The term code, as used above, may include software, firmware, and/or microcode, and may refer to programs, routines, functions, classes, data structures, and/or objects. Shared processor hardware encompasses a single microprocessor that executes some or all code from multiple modules. Group processor hardware encompasses a microprocessor that, in combination with additional microprocessors, executes some or all code from one or more modules. References to multiple microprocessors encompass multiple microprocessors on discrete dies, multiple microprocessors on a single die, multiple cores of a single microprocessor, multiple threads of a single microprocessor, or a combination of the above.

Shared memory hardware encompasses a single memory device that stores some or all code from multiple modules. Group memory hardware encompasses a memory device that, in combination with other memory devices, stores some or all code from one or more modules.

The term memory hardware is a subset of the term computer-readable medium. The term computer-readable medium, as used herein, does not encompass transitory electrical or electromagnetic signals propagating through a medium (such as on a carrier wave); the term computer-readable medium is therefore considered tangible and non-transitory. Non-limiting examples of the non-transitory computer-readable medium include, but are not limited to, rewriteable non-volatile memory devices (including, for example flash memory devices, erasable programmable read-only memory devices, or a mask read-only memory devices); volatile memory devices (including, for example static random access memory devices or a dynamic random access memory devices); magnetic storage media (including, for example an analog or digital magnetic tape or a hard disk drive); and optical storage media (including, for example a CD, a DVD, or a Blu-ray Disc). Examples of the media with a built-in rewriteable non-volatile memory, include but are not limited to memory cards; and media with a built-in ROM, including but not limited to ROM cassettes; etc. Furthermore, various information regarding stored images, for example, property information, may be stored in any other form, or it may be provided in other ways.

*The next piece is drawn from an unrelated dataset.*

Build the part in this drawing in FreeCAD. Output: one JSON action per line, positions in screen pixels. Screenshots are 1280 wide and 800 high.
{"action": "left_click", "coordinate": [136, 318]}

The apparatuses and methods described in this application may be partially or fully implemented by a special purpose computer created by configuring a general purpose computer to execute one or more particular functions embodied in computer programs. The functional blocks and flowchart elements described above serve as software specifications, which can be translated into the computer programs by the routine work of a skilled technician or programmer.

Although described with reference to specific examples and drawings, modifications, additions and substitutions of example embodiments may be variously made according to the description by those of ordinary skill in the art. For example, the described techniques may be performed in an order different with that of the methods described, and/or components such as the described system, architecture, devices, circuit, and the like, may be connected or combined to be different from the above-described methods, or results may be appropriately achieved by other components or equivalents.